- Koster playing the banjo at ArthurFest 2005 (signature lamb-lamp seen in background)

Background information
- Born: July 26, 1972 (age 54)
- Genres: Psychedelic folk, indie folk, lo-fi
- Occupations: Musician, songwriter, storyteller
- Instruments: Musical saw, banjo, bass guitar, accordion, keyboards, vocals
- Years active: 1989–present
- Labels: Elephant Six; Merge; Orange Twin; Bar/None; Kindercore;
- Member of: Major Organ and the Adding Machine; The Music Tapes;
- Formerly of: Neutral Milk Hotel; Chocolate USA; of Montreal;

= Julian Koster =

American musician (born 1972)

Julian Koster (born July 25, 1972) is an American multidisciplinary artist. As a musician, he is a member of the Elephant 6 Collective, the leader of The Music Tapes, and a member of Neutral Milk Hotel. He is known for writing, directing, and acting in audio fiction The Orbiting Human Circus (of the Air), and for performing with the theatrical troupe of the same name. He is also known for his heavy use of the musical saw in recordings, even releasing The Singing Saw at Christmastime, his only solo album released under his own name, in 2008.

==Early career: Chocolate USA==

In 1989, Koster formed Miss America with Liza Wakeman, Alan Edwards, Paul Wells and Keith Block. After legal threats from Miss America, they became Chocolate USA. Chocolate USA released two albums on Bar/None before disbanding to follow other projects.

==Neutral Milk Hotel==

Koster joined Jeff Mangum, Scott Spillane and Jeremy Barnes to record the second Neutral Milk Hotel album, In the Aeroplane over the Sea, on which he played banjo and singing saw. Koster also played bass guitar in the live band. The success of the album, however, took its toll on Mangum, and the band went on hiatus shortly after its release. They reunited in 2013 for a worldwide tour.

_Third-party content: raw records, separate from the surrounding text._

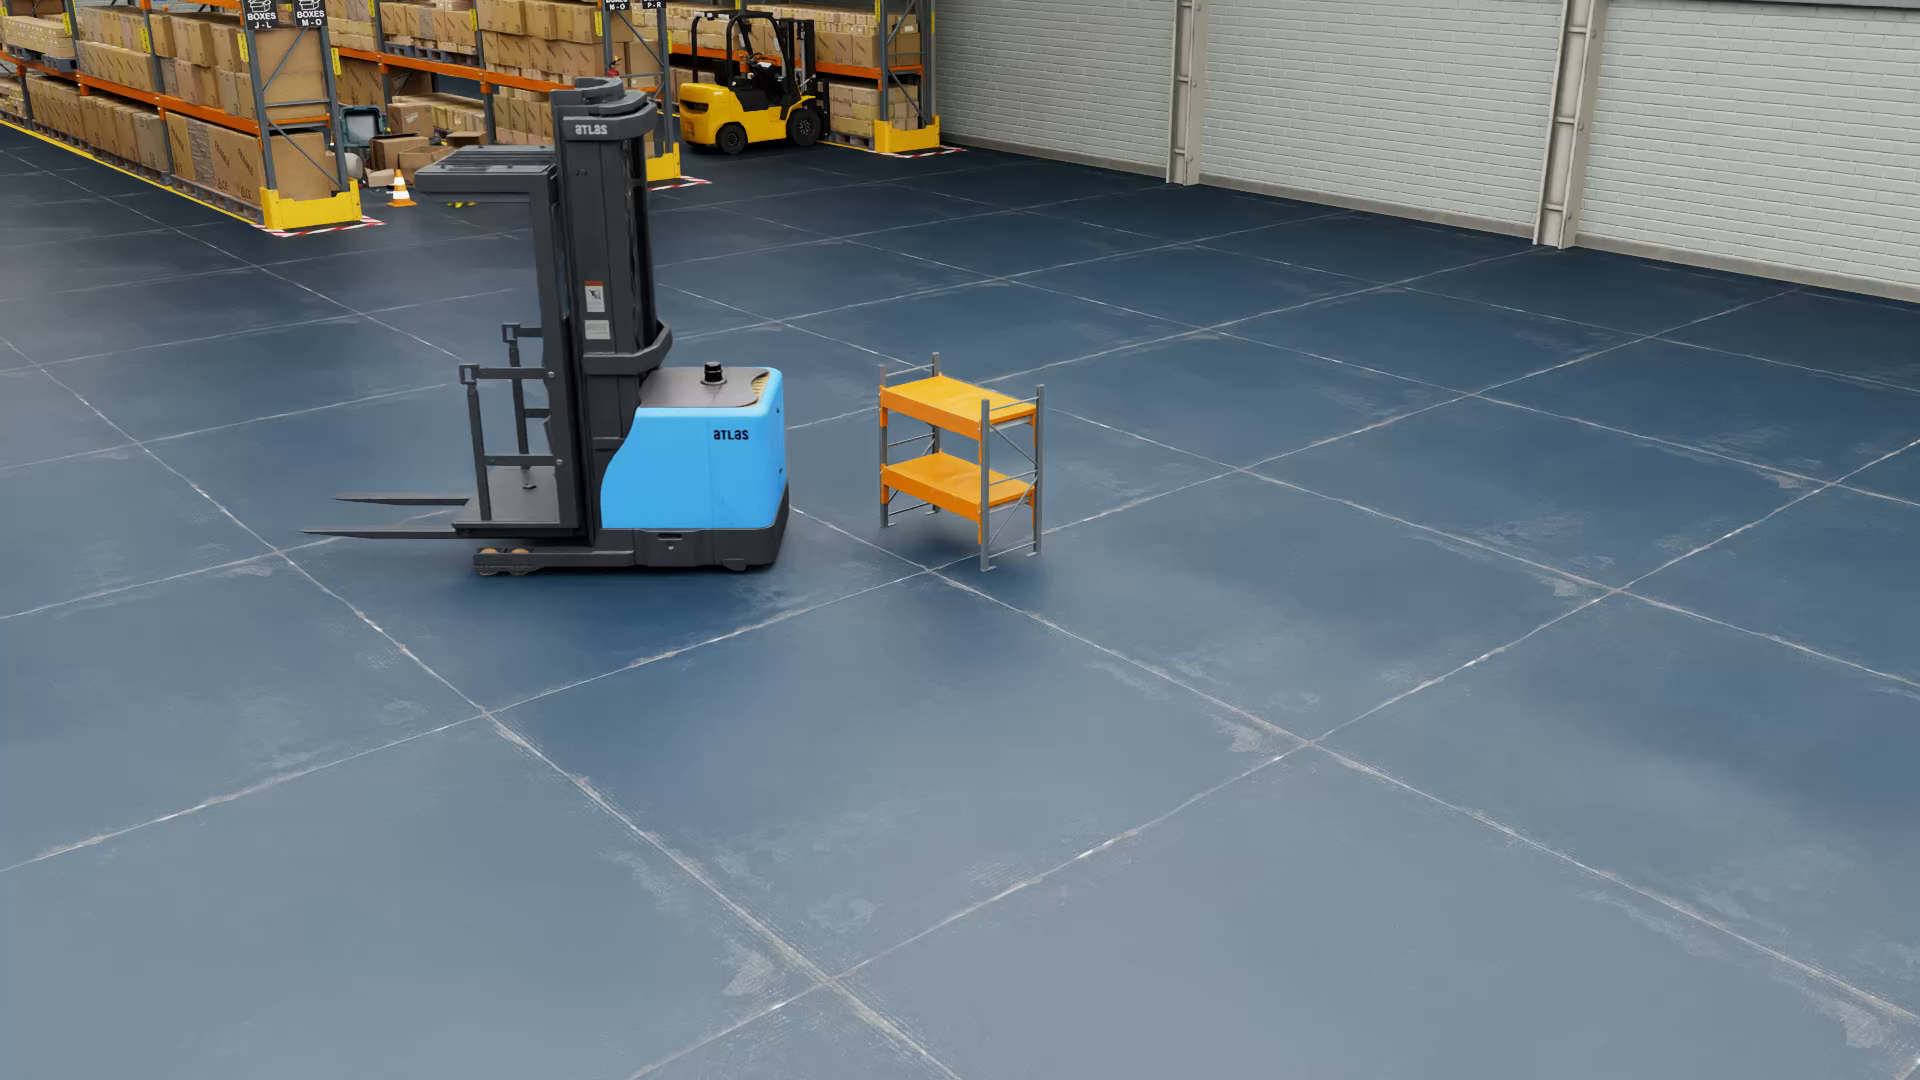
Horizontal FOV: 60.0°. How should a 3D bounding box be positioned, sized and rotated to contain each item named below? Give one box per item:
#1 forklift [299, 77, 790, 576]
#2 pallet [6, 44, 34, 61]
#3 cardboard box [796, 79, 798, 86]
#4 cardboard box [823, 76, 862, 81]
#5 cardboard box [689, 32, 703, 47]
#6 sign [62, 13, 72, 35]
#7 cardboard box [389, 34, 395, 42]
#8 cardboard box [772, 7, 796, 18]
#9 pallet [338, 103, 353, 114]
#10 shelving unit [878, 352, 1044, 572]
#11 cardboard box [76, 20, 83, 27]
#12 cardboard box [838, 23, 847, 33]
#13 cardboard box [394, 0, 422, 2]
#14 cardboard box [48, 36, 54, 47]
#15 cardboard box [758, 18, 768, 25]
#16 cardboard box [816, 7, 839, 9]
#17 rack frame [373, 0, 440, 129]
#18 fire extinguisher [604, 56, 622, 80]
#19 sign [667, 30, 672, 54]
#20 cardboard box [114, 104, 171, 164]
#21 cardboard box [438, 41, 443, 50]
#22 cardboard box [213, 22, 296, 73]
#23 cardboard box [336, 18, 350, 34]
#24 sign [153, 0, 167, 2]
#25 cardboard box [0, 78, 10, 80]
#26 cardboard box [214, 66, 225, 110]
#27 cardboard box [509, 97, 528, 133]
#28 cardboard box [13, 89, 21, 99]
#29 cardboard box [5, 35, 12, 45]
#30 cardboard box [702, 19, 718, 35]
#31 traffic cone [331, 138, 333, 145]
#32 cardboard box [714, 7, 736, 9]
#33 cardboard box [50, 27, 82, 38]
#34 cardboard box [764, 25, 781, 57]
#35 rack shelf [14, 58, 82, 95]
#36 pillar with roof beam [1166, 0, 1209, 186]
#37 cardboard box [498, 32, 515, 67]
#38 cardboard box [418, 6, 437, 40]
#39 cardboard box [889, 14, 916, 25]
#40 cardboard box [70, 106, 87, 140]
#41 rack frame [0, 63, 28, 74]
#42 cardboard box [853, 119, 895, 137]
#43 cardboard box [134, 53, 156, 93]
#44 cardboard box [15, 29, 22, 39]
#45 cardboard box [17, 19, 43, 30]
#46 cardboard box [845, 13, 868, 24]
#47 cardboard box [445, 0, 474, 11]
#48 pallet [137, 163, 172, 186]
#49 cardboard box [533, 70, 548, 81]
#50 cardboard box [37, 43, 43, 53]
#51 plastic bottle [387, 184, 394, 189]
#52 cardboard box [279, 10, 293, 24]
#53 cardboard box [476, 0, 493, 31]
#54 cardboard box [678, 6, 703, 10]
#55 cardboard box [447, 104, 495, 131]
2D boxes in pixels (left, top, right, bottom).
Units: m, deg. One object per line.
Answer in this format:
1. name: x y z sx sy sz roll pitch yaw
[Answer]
1. forklift: -2.671 -1.335 10.373 3.031 2.935 1.130 0 21 0
2. pallet: -15.771 -8.465 28.748 1.003 0.211 1.213 -17 27 -37
3. cardboard box: -2.758 -7.873 28.796 0.500 0.250 0.500 -16 27 -36
4. cardboard box: -2.032 -7.854 28.747 0.500 0.250 0.500 -18 28 -38
5. cardboard box: -4.656 -9.268 30.740 0.500 0.250 0.500 -17 27 -37
6. sign: -13.954 -8.066 25.985 0.100 0.325 0.005 -17 27 -37
7. cardboard box: -9.794 -8.846 29.225 0.380 0.149 0.250 -19 29 -40
8. cardboard box: -3.010 -9.093 28.652 0.380 0.149 0.250 -17 27 -36
9. pallet: -11.115 -8.176 31.569 1.003 0.211 1.213 -17 27 -37
10. shelving unit: -0.004 -0.526 10.784 0.538 1.125 1.048 -17 27 -37
11. cardboard box: -14.563 -8.588 27.749 0.380 0.149 0.250 -16 27 -36
12. cardboard box: -1.789 -8.473 27.477 0.380 0.149 0.250 -18 27 -38
13. cardboard box: -10.002 -9.608 29.894 0.500 0.500 0.500 -19 28 -39
14. cardboard box: -14.392 -8.014 26.693 0.380 0.149 0.250 -16 27 -35
15. cardboard box: -3.317 -9.106 29.093 0.380 0.149 0.250 -17 27 -36
16. cardboard box: -2.247 -9.089 28.641 0.380 0.149 0.250 -18 28 -38
17. rack frame: -9.865 -8.902 29.599 1.000 3.000 0.127 -17 27 -37
18. fire extinguisher: -4.917 -6.514 23.609 0.296 0.674 0.183 -17 27 -37
19. sign: -4.232 -7.224 24.127 0.100 0.325 0.005 -17 27 -37
20. cardboard box: -12.038 -6.156 25.097 1.050 0.750 0.750 -17 27 -37
21. cardboard box: -8.454 -8.237 27.670 0.380 0.149 0.250 -17 27 -37
22. cardboard box: -8.969 -6.300 21.268 0.875 0.550 0.550 -17 27 -37
23. cardboard box: -11.061 -9.415 30.430 0.500 0.250 0.500 -18 28 -39
24. sign: -18.862 -12.796 39.170 0.327 0.218 0.001 -17 27 -37
25. cardboard box: -18.123 -8.629 31.419 0.380 0.149 0.250 -19 28 -40
26. cardboard box: -9.249 -5.978 21.928 0.875 0.550 0.550 -17 27 -37
27. cardboard box: -6.715 -6.689 26.114 0.500 0.500 0.500 -16 27 -35
28. cardboard box: -16.786 -8.043 29.924 0.380 0.149 0.250 -17 27 -37
29. cardboard box: -16.251 -8.661 28.752 0.380 0.149 0.250 -19 28 -40
30. cardboard box: -4.351 -9.357 30.282 0.500 0.250 0.500 -18 28 -39
31. traffic cone: -10.071 -6.467 26.860 0.336 0.463 0.334 -17 27 -37
32. cardboard box: -4.355 -9.841 30.970 0.380 0.149 0.250 -18 27 -38
33. cardboard box: -14.216 -8.077 26.446 0.380 0.149 0.250 -19 28 -39
34. cardboard box: -3.052 -8.701 28.949 0.500 0.500 0.500 -17 27 -37
35. rack shelf: -14.854 -7.913 28.061 1.077 0.370 4.000 -17 27 -37
36. pillar with roof beam: -0.002 -8.392 20.071 9.100 9.000 0.400 -17 27 -37
37. cardboard box: -6.833 -7.661 25.885 0.500 0.500 0.500 -18 27 -38
38. cardboard box: -8.729 -8.675 27.900 0.500 0.500 0.500 -19 28 -39
39. cardboard box: -0.942 -8.505 27.151 0.380 0.149 0.250 -18 28 -38
40. cardboard box: -14.177 -6.847 27.203 0.500 0.500 0.500 -18 27 -38
41. rack frame: -18.771 -9.906 32.162 1.000 3.000 0.127 -17 27 -37
42. cardboard box: -1.431 -6.844 27.539 0.500 0.250 0.500 -17 27 -37
43. cardboard box: -11.481 -6.717 23.884 0.500 0.500 0.500 -18 27 -38
44. cardboard box: -15.742 -8.585 28.151 0.380 0.149 0.250 -19 28 -40
45. cardboard box: -15.571 -8.651 27.910 0.380 0.149 0.250 -18 28 -38
46. cardboard box: -1.654 -8.537 27.232 0.380 0.149 0.250 -17 27 -36
47. cardboard box: -8.186 -8.740 27.176 0.380 0.149 0.250 -18 28 -39
48. pallet: -11.499 -5.487 24.704 1.003 0.211 1.213 -17 27 -37
49. cardboard box: -6.278 -7.098 25.337 0.380 0.149 0.250 -18 27 -38
50. cardboard box: -14.885 -8.085 27.281 0.380 0.149 0.250 -19 28 -40
51. plastic bottle: -8.114 -5.067 23.837 0.283 0.061 0.133 12 24 27
52. cardboard box: -12.972 -10.121 32.574 0.500 0.500 0.500 -17 27 -37
53. cardboard box: -7.131 -8.274 26.080 0.700 0.500 0.500 -18 28 -38
54. cardboard box: -5.029 -9.872 31.049 0.380 0.149 0.250 -17 27 -37
55. cardboard box: -8.070 -7.111 28.053 0.950 0.372 0.625 -15 26 -34

==The Music Tapes and other projects==
After Neutral Milk Hotel, Koster began to concentrate on his own solo project, The Music Tapes, for which he contributed banjo, singing saw, chord organ, and vocals, among other instruments. 1st Imaginary Symphony For Nomad was released in 1999. Koster, together with Brian Dewan, recorded the story album The 2nd Imaginary Symphony for Cloudmaking, which was distributed by Koster on CD but never officially released for 15 years. After this, nothing was released by The Music Tapes until 2008, when Music Tapes for Clouds and Tornadoes arrived, followed by extensive touring (including the Elephant 6 Holiday Surprise Tour) and an unprecedented level of public appearance by the formerly reclusive Koster.

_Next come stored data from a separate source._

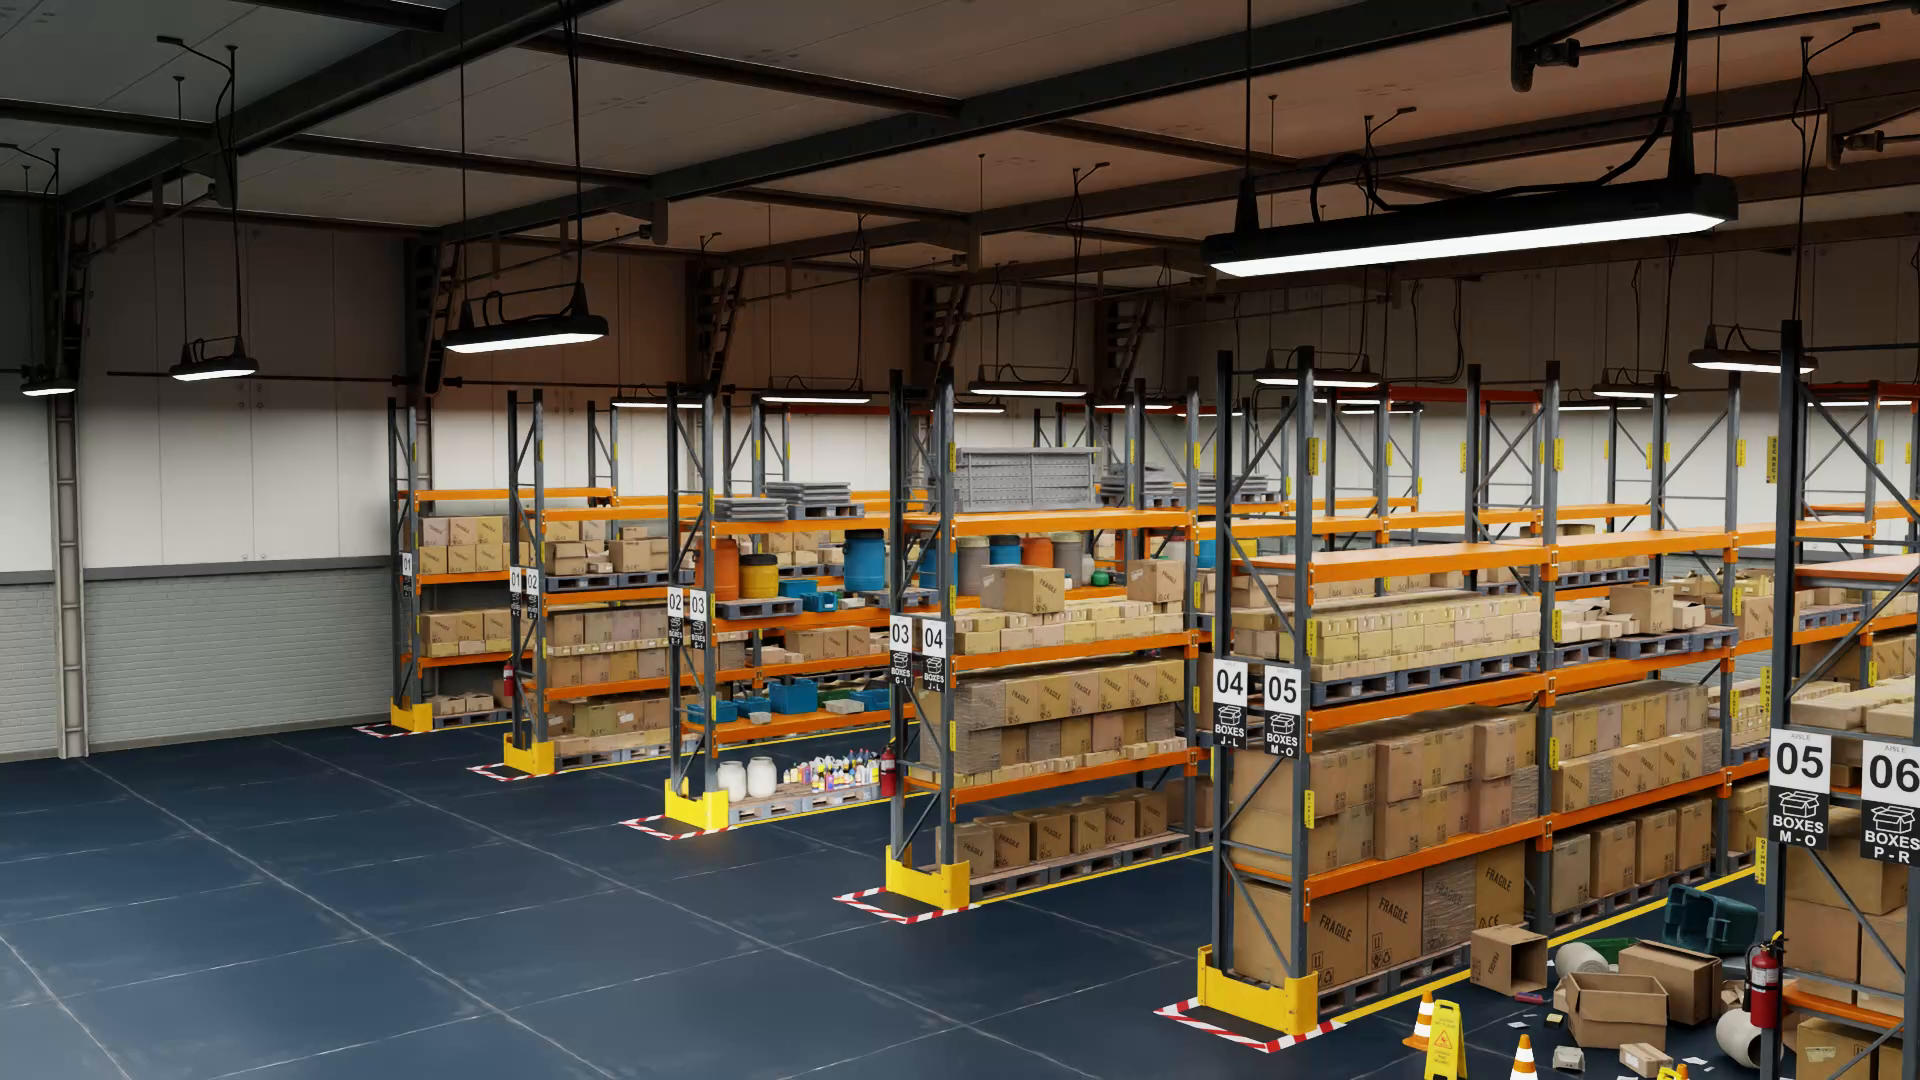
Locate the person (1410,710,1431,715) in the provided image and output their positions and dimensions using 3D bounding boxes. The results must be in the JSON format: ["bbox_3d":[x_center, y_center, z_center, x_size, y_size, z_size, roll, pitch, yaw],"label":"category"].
[{"bbox_3d":[6.296,2.964,22.544,0.605,1.777,0.625,-2,4,-27],"label":"person"}]

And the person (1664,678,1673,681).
[{"bbox_3d":[10.485,2.875,24.711,0.446,1.647,0.534,2,4,27],"label":"person"}]

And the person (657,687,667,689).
[{"bbox_3d":[-5.383,2.498,30.552,0.562,1.804,0.671,2,4,27],"label":"person"}]

Koster was a founding member of Major Organ and the Adding Machine. He appeared in the Major Organ and the Adding Machine film which was shown on the Holiday Surprise tour and was later released with an expanded edition of the 2001 album in 2009.

In 2008, Koster released The Singing Saw at Christmastime, a collection of Christmas carols played on the singing saw. This was followed by a caroling tour, on which he played songs from The Singing Saw at Christmastime and selected tracks from Music Tapes for Clouds and Tornadoes for free wherever fans invited him to play. This evolved into an annual caroling tradition, which transformed into the "Lullabies at Bedsides" house tour of 2010–2011 and 2011–2012 which in turn gave way to the long-planned Traveling Imaginary of 2012–2013. After the EP Purim's Shadows in 2011, in 2012, The Music Tapes released their third full-length LP, Mary's Voice.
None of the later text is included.